Stored data entries ->
>>>

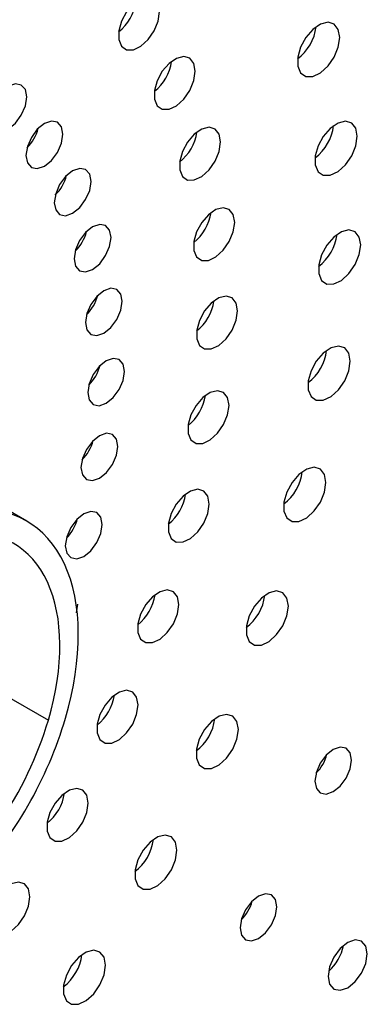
# Paper-space layout '_Isométrica' of a CAD drawing. Header units: inches. Extents: x -1.9 to 6.5, y -6.7 to 4.2.
# Tile 6 of 8: x 3.3 to 4.4, y -2.5 to 0.5. Entities that reach past the tile are written whole.
import ezdxf

# ---------------------------------------------------------------- set-up
doc = ezdxf.new("R2010")
doc.units = ezdxf.units.IN
doc.header["$MEASUREMENT"] = 0

psp = doc.layouts.new('_Isométrica')

# ---------------------------------------------------------------- linework, layer by layer
at = {"color": 7, "linetype": 'Continuous', "lineweight": 25}
for p, q in [((3.367, -1.0092), (3.2284, -0.9292)), ((3.5168, -1.2858), (3.5207, -1.2598)), ((3.2924, -1.529), (3.4316, -1.6093))]:
    psp.add_line(p, q, dxfattribs=at)
at = {"color": 7, "linetype": 'Continuous', "lineweight": 25, "flags": 128}
for points in [[(3.7671, 0.5281), (3.7629, 0.5516), (3.7509, 0.567), (3.7327, 0.5724), (3.7107, 0.5669), (3.688, 0.5514), (3.6676, 0.5278), (3.6522, 0.4995), (3.6439, 0.4701), (3.6439, 0.4438), (3.6522, 0.4239), (3.6676, 0.4133), (3.688, 0.4134), (3.7107, 0.4241), (3.7327, 0.444), (3.7509, 0.4704), (3.7629, 0.4997), (3.7671, 0.5281)], [(4.3104, 0.4505), (4.3061, 0.4746), (4.2938, 0.4905), (4.2751, 0.496), (4.2526, 0.4904), (4.2293, 0.4744), (4.2083, 0.4503), (4.1925, 0.4212), (4.184, 0.3911), (4.184, 0.364), (4.1925, 0.3437), (4.2083, 0.3328), (4.2293, 0.3329), (4.2526, 0.3438), (4.2751, 0.3642), (4.2938, 0.3913), (4.3061, 0.4214), (4.3104, 0.4505)], [(3.8748, 0.3484), (3.8706, 0.3719), (3.8586, 0.3873), (3.8404, 0.3927), (3.8184, 0.3872), (3.7957, 0.3717), (3.7753, 0.3481), (3.7599, 0.3198), (3.7516, 0.2904), (3.7516, 0.2641), (3.7599, 0.2442), (3.7753, 0.2336), (3.7957, 0.2337), (3.8184, 0.2444), (3.8404, 0.2643), (3.8586, 0.2907), (3.8706, 0.32), (3.8748, 0.3484)], [(3.3664, 0.2709), (3.3622, 0.2929), (3.3501, 0.3068), (3.3322, 0.3103), (3.3109, 0.3029), (3.2897, 0.2858), (3.2717, 0.2615), (3.2597, 0.2338), (3.2555, 0.2068), (3.2597, 0.1848), (3.2717, 0.1709), (3.2897, 0.1674), (3.3109, 0.1748), (3.3322, 0.1919), (3.3501, 0.2162), (3.3622, 0.2439), (3.3664, 0.2709)], [(3.475, 0.1582), (3.4708, 0.1803), (3.4588, 0.1942), (3.4408, 0.1977), (3.4195, 0.1903), (3.3983, 0.1732), (3.3803, 0.1489), (3.3683, 0.1212), (3.3641, 0.0942), (3.3683, 0.0721), (3.3803, 0.0583), (3.3983, 0.0548), (3.4195, 0.0622), (3.4408, 0.0793), (3.4588, 0.1036), (3.4708, 0.1313), (3.475, 0.1582)], [(3.9509, 0.1349), (3.9467, 0.1584), (3.9346, 0.1738), (3.9164, 0.1792), (3.8945, 0.1738), (3.8717, 0.1582), (3.8513, 0.1346), (3.8359, 0.1063), (3.8277, 0.0769), (3.8277, 0.0506), (3.8359, 0.0308), (3.8513, 0.0201), (3.8717, 0.0202), (3.8945, 0.0309), (3.9164, 0.0508), (3.9346, 0.0772), (3.9467, 0.1065), (3.9509, 0.1349)], [(4.363, 0.1521), (4.3587, 0.1762), (4.3464, 0.1921), (4.3277, 0.1976), (4.3052, 0.192), (4.2818, 0.176), (4.2609, 0.1519), (4.2451, 0.1228), (4.2366, 0.0927), (4.2366, 0.0656), (4.2451, 0.0453), (4.2609, 0.0344), (4.2818, 0.0345), (4.3052, 0.0454), (4.3277, 0.0658), (4.3464, 0.0929), (4.3587, 0.123), (4.363, 0.1521)], [(3.5604, 0.0158), (3.5562, 0.0379), (3.5441, 0.0517), (3.5261, 0.0552), (3.5049, 0.0478), (3.4837, 0.0307), (3.4657, 0.0064), (3.4537, -0.0213), (3.4494, -0.0482), (3.4537, -0.0703), (3.4657, -0.0841), (3.4837, -0.0876), (3.5049, -0.0803), (3.5261, -0.0631), (3.5441, -0.0389), (3.5562, -0.0111), (3.5604, 0.0158)], [(3.9936, -0.1079), (3.9894, -0.0844), (3.9774, -0.0689), (3.9592, -0.0635), (3.9372, -0.069), (3.9145, -0.0845), (3.8941, -0.1081), (3.8787, -0.1365), (3.8704, -0.1658), (3.8704, -0.1922), (3.8787, -0.212), (3.8941, -0.2226), (3.9145, -0.2225), (3.9372, -0.2118), (3.9592, -0.192), (3.9774, -0.1656), (3.9894, -0.1362), (3.9936, -0.1079)], [(3.6207, -0.1534), (3.6164, -0.1314), (3.6044, -0.1175), (3.5864, -0.114), (3.5652, -0.1214), (3.544, -0.1385), (3.526, -0.1628), (3.5139, -0.1905), (3.5097, -0.2175), (3.5139, -0.2395), (3.526, -0.2534), (3.544, -0.2569), (3.5652, -0.2495), (3.5864, -0.2324), (3.6044, -0.2081), (3.6164, -0.1804), (3.6207, -0.1534)], [(4.3736, -0.1759), (4.3693, -0.1518), (4.357, -0.1359), (4.3383, -0.1304), (4.3157, -0.136), (4.2924, -0.152), (4.2714, -0.1761), (4.2557, -0.2052), (4.2472, -0.2353), (4.2472, -0.2624), (4.2557, -0.2827), (4.2714, -0.2936), (4.2924, -0.2935), (4.3157, -0.2826), (4.3383, -0.2622), (4.357, -0.2351), (4.3693, -0.205), (4.3736, -0.1759)], [(3.6546, -0.3458), (3.6503, -0.3238), (3.6383, -0.3099), (3.6203, -0.3064), (3.5991, -0.3138), (3.5779, -0.3309), (3.5599, -0.3552), (3.5478, -0.3829), (3.5436, -0.4099), (3.5478, -0.432), (3.5599, -0.4458), (3.5779, -0.4493), (3.5991, -0.4419), (3.6203, -0.4248), (3.6383, -0.4005), (3.6503, -0.3728), (3.6546, -0.3458)], [(4.0022, -0.3747), (3.998, -0.3512), (3.986, -0.3357), (3.9678, -0.3303), (3.9458, -0.3358), (3.9231, -0.3513), (3.9027, -0.3749), (3.8873, -0.4033), (3.879, -0.4326), (3.879, -0.459), (3.8873, -0.4788), (3.9027, -0.4894), (3.9231, -0.4893), (3.9458, -0.4787), (3.9678, -0.4588), (3.986, -0.4324), (3.998, -0.403), (4.0022, -0.3747)], [(4.3419, -0.5265), (4.3376, -0.5024), (4.3253, -0.4865), (4.3066, -0.481), (4.2841, -0.4866), (4.2607, -0.5026), (4.2398, -0.5267), (4.224, -0.5558), (4.2155, -0.5859), (4.2155, -0.613), (4.224, -0.6333), (4.2398, -0.6442), (4.2607, -0.6441), (4.2841, -0.6332), (4.3066, -0.6128), (4.3253, -0.5857), (4.3376, -0.5556), (4.3419, -0.5265)], [(3.6614, -0.5573), (3.6572, -0.5353), (3.6451, -0.5214), (3.6271, -0.5179), (3.6059, -0.5253), (3.5847, -0.5424), (3.5667, -0.5667), (3.5547, -0.5944), (3.5504, -0.6214), (3.5547, -0.6434), (3.5667, -0.6573), (3.5847, -0.6608), (3.6059, -0.6534), (3.6271, -0.6363), (3.6451, -0.612), (3.6572, -0.5843), (3.6614, -0.5573)], [(3.9765, -0.6599), (3.9723, -0.6364), (3.9603, -0.6209), (3.942, -0.6155), (3.9201, -0.621), (3.8973, -0.6365), (3.8769, -0.6601), (3.8615, -0.6884), (3.8533, -0.7178), (3.8533, -0.7442), (3.8615, -0.764), (3.8769, -0.7746), (3.8973, -0.7745), (3.9201, -0.7638), (3.942, -0.744), (3.9603, -0.7175), (3.9723, -0.6882), (3.9765, -0.6599)], [(3.641, -0.7834), (3.6367, -0.7613), (3.6247, -0.7475), (3.6067, -0.744), (3.5855, -0.7514), (3.5643, -0.7685), (3.5463, -0.7928), (3.5342, -0.8205), (3.53, -0.8474), (3.5342, -0.8695), (3.5463, -0.8834), (3.5643, -0.8869), (3.5855, -0.8795), (3.6067, -0.8623), (3.6247, -0.8381), (3.6367, -0.8104), (3.641, -0.7834)], [(4.2687, -0.8922), (4.2644, -0.8681), (4.2521, -0.8522), (4.2334, -0.8467), (4.2108, -0.8523), (4.1875, -0.8683), (4.1666, -0.8925), (4.1508, -0.9216), (4.1423, -0.9517), (4.1423, -0.9787), (4.1508, -0.999), (4.1666, -1.0099), (4.1875, -1.0099), (4.2108, -0.9989), (4.2334, -0.9785), (4.2521, -0.9514), (4.2644, -0.9213), (4.2687, -0.8922)], [(3.9169, -0.9574), (3.9127, -0.9339), (3.9007, -0.9184), (3.8825, -0.913), (3.8605, -0.9185), (3.8378, -0.934), (3.8173, -0.9576), (3.802, -0.9859), (3.7937, -1.0153), (3.7937, -1.0417), (3.802, -1.0615), (3.8173, -1.0721), (3.8378, -1.072), (3.8605, -1.0613), (3.8825, -1.0415), (3.9007, -1.015), (3.9127, -0.9857), (3.9169, -0.9574)], [(3.5937, -1.0192), (3.5895, -0.9972), (3.5775, -0.9833), (3.5595, -0.9798), (3.5383, -0.9872), (3.517, -1.0043), (3.4991, -1.0286), (3.487, -1.0563), (3.4828, -1.0833), (3.487, -1.1053), (3.4991, -1.1192), (3.517, -1.1227), (3.5383, -1.1153), (3.5595, -1.0982), (3.5775, -1.0739), (3.5895, -1.0462), (3.5937, -1.0192)], [(3.8248, -1.2608), (3.8206, -1.2373), (3.8086, -1.2219), (3.7904, -1.2165), (3.7684, -1.2219), (3.7457, -1.2375), (3.7252, -1.261), (3.7099, -1.2894), (3.7016, -1.3188), (3.7016, -1.3451), (3.7099, -1.3649), (3.7252, -1.3755), (3.7457, -1.3755), (3.7684, -1.3648), (3.7904, -1.3449), (3.8086, -1.3185), (3.8206, -1.2892), (3.8248, -1.2608)], [(4.1555, -1.2653), (4.1512, -1.2412), (4.1388, -1.2253), (4.1201, -1.2198), (4.0976, -1.2254), (4.0743, -1.2414), (4.0533, -1.2655), (4.0375, -1.2946), (4.0291, -1.3247), (4.0291, -1.3518), (4.0375, -1.3721), (4.0533, -1.383), (4.0743, -1.3829), (4.0976, -1.372), (4.1201, -1.3516), (4.1388, -1.3245), (4.1512, -1.2944), (4.1555, -1.2653)], [(3.7021, -1.5638), (3.6979, -1.5403), (3.6859, -1.5248), (3.6677, -1.5194), (3.6457, -1.5249), (3.623, -1.5405), (3.6026, -1.564), (3.5872, -1.5924), (3.5789, -1.6217), (3.5789, -1.6481), (3.5872, -1.6679), (3.6026, -1.6785), (3.623, -1.6785), (3.6457, -1.6678), (3.6677, -1.6479), (3.6859, -1.6215), (3.6979, -1.5921), (3.7021, -1.5638)], [(4.0046, -1.6377), (4.0003, -1.6136), (3.988, -1.5978), (3.9693, -1.5923), (3.9468, -1.5979), (3.9235, -1.6138), (3.9025, -1.638), (3.8867, -1.6671), (3.8783, -1.6972), (3.8783, -1.7242), (3.8867, -1.7446), (3.9025, -1.7554), (3.9235, -1.7554), (3.9468, -1.7444), (3.9693, -1.724), (3.988, -1.6969), (4.0003, -1.6668), (4.0046, -1.6377)], [(4.3459, -1.7298), (4.3417, -1.7078), (4.3298, -1.6941), (4.3119, -1.6906), (4.2908, -1.6979), (4.2697, -1.715), (4.2518, -1.7391), (4.2399, -1.7667), (4.2357, -1.7934), (4.2399, -1.8154), (4.2518, -1.8291), (4.2697, -1.8326), (4.2908, -1.8253), (4.3119, -1.8083), (4.3298, -1.7841), (4.3417, -1.7566), (4.3459, -1.7298)], [(3.5515, -1.8598), (3.5473, -1.8363), (3.5353, -1.8208), (3.517, -1.8154), (3.4951, -1.8209), (3.4723, -1.8365), (3.4519, -1.86), (3.4365, -1.8884), (3.4283, -1.9177), (3.4283, -1.9441), (3.4365, -1.9639), (3.4519, -1.9745), (3.4723, -1.9745), (3.4951, -1.9638), (3.517, -1.9439), (3.5353, -1.9175), (3.5473, -1.8881), (3.5515, -1.8598)], [(3.8194, -2.0016), (3.8151, -1.9775), (3.8028, -1.9617), (3.7841, -1.9561), (3.7616, -1.9618), (3.7383, -1.9777), (3.7173, -2.0019), (3.7015, -2.031), (3.6931, -2.0611), (3.6931, -2.0881), (3.7015, -2.1085), (3.7173, -2.1193), (3.7383, -2.1193), (3.7616, -2.1083), (3.7841, -2.0879), (3.8028, -2.0608), (3.8151, -2.0307), (3.8194, -2.0016)], [(3.3761, -2.1425), (3.3719, -2.119), (3.3599, -2.1035), (3.3416, -2.0982), (3.3197, -2.1036), (3.2969, -2.1192), (3.2765, -2.1427), (3.2611, -2.1711), (3.2529, -2.2005), (3.2529, -2.2268), (3.2611, -2.2466), (3.2765, -2.2572), (3.2969, -2.2572), (3.3197, -2.2465), (3.3416, -2.2266), (3.3599, -2.2002), (3.3719, -2.1709), (3.3761, -2.1425)], [(4.1206, -2.1726), (4.1164, -2.1507), (4.1044, -2.1369), (4.0865, -2.1334), (4.0654, -2.1408), (4.0443, -2.1578), (4.0264, -2.1819), (4.0145, -2.2095), (4.0103, -2.2363), (4.0145, -2.2582), (4.0264, -2.272), (4.0443, -2.2755), (4.0654, -2.2681), (4.0865, -2.2511), (4.1044, -2.227), (4.1164, -2.1994), (4.1206, -2.1726)], [(4.3935, -2.3146), (4.389, -2.2912), (4.3763, -2.2764), (4.3571, -2.2727), (4.3345, -2.2806), (4.3119, -2.2988), (4.2928, -2.3246), (4.28, -2.3541), (4.2755, -2.3828), (4.28, -2.4062), (4.2928, -2.421), (4.3119, -2.4247), (4.3345, -2.4168), (4.3571, -2.3986), (4.3763, -2.3728), (4.389, -2.3433), (4.3935, -2.3146)], [(3.6038, -2.3492), (3.5995, -2.3251), (3.5872, -2.3092), (3.5685, -2.3037), (3.546, -2.3093), (3.5226, -2.3253), (3.5017, -2.3495), (3.4859, -2.3786), (3.4774, -2.4087), (3.4774, -2.4357), (3.4859, -2.456), (3.5017, -2.4669), (3.5226, -2.4669), (3.546, -2.4559), (3.5685, -2.4355), (3.5872, -2.4084), (3.5995, -2.3783), (3.6038, -2.3492)]]:
    psp.add_lwpolyline(points, dxfattribs=at)
at = {"color": 7, "linetype": 'Continuous', "lineweight": 25}
for centre, radius, start, end in [((3.557, 0.5776), 0.1401, 308.1482, 351.8572), ((4.0976, 0.4998), 0.1427, 306.9384, 353.067), ((3.6647, 0.3979), 0.1401, 308.1482, 351.8572), ((4.1502, 0.2014), 0.1427, 306.9384, 353.067), ((3.2763, 0.2089), 0.1292, 314.7557, 345.2497), ((3.7408, 0.1844), 0.1401, 308.1482, 351.8572), ((3.3616, 0.0665), 0.1292, 314.7557, 345.2497), ((3.7835, -0.0583), 0.1401, 308.1482, 351.8572), ((3.4219, -0.1027), 0.1292, 314.7557, 345.2497), ((4.1608, -0.1266), 0.1427, 306.9384, 353.067), ((3.4558, -0.2951), 0.1292, 314.7557, 345.2497), ((3.7921, -0.3251), 0.1401, 308.1482, 351.8572), ((4.1291, -0.4772), 0.1427, 306.9384, 353.067), ((3.4626, -0.5066), 0.1292, 314.7557, 345.2497), ((3.7664, -0.6103), 0.1401, 308.1482, 351.8572), ((3.4422, -0.7327), 0.1292, 314.7557, 345.2497), ((4.0559, -0.843), 0.1427, 306.9384, 353.067), ((3.7068, -0.9078), 0.1401, 308.1482, 351.8572), ((3.395, -0.9685), 0.1292, 314.7557, 345.2497), ((3.6147, -1.2113), 0.1401, 308.1482, 351.8572), ((3.9427, -1.216), 0.1427, 306.9384, 353.067), ((3.492, -1.5142), 0.1401, 308.1482, 351.8572), ((3.7919, -1.5885), 0.1427, 306.9384, 353.067), ((4.1477, -1.679), 0.1286, 315.1895, 344.8159), ((3.3414, -1.8102), 0.1401, 308.1482, 351.8572), ((3.6067, -1.9524), 0.1427, 306.9384, 353.067), ((3.9223, -2.1219), 0.1286, 315.1895, 344.8159), ((3.391, -2.3), 0.1427, 306.9384, 353.067), ((4.1889, -2.2646), 0.1349, 310.8176, 349.1877)]:
    psp.add_arc(centre, radius, start, end, dxfattribs=at)
for points, knots in [([(3.4831, -1.6037), (3.5359, -1.4232), (3.5348, -1.2556), (3.4256, -1.0203), (3.3219, -0.9621), (3.0619, -0.9904), (2.9163, -1.0757), (2.6579, -1.351), (2.5556, -1.5298), (2.5029, -1.7103)], [0, 0, 0, 0, 0.25, 0.25, 0.5, 0.5, 0.75, 0.75, 1, 1, 1, 1]), ([(3.4316, -1.6093), (3.4787, -1.4478), (3.4778, -1.2979), (3.3801, -1.0873), (3.2873, -1.0352), (3.0546, -1.0605), (2.9244, -1.1369), (2.6931, -1.3832), (2.6017, -1.5432), (2.5545, -1.7047)], [0, 0, 0, 0, 0.25, 0.25, 0.5, 0.5, 0.75, 0.75, 1, 1, 1, 1]), ([(2.5029, -1.7103), (2.4501, -1.8909), (2.4512, -2.0584), (2.5604, -2.2938), (2.6642, -2.3519), (2.9241, -2.3237), (3.0698, -2.2384), (3.3282, -1.9631), (3.4304, -1.7843), (3.4831, -1.6037)], [0, 0, 0, 0, 0.25, 0.25, 0.5, 0.5, 0.75, 0.75, 1, 1, 1, 1]), ([(2.5545, -1.7047), (2.4909, -1.9223), (2.5158, -2.1143), (2.7235, -2.3024), (2.8907, -2.2842), (3.2256, -2.0372), (3.368, -1.8269), (3.4316, -1.6093)], [0, 0, 0, 0, 0.333333, 0.333333, 0.666667, 0.666667, 1, 1, 1, 1])]:
    psp.add_open_spline(points, degree=3, knots=knots, dxfattribs=at)

doc.saveas('drawing.dxf')

<<<

Assigned task ->
For every line in the data above that holds "drawing", return the line itself.

Your solution ->
# Paper-space layout '_Isométrica' of a CAD drawing. Header units: inches. Extents: x -1.9 to 6.5, y -6.7 to 4.2.
doc.saveas('drawing.dxf')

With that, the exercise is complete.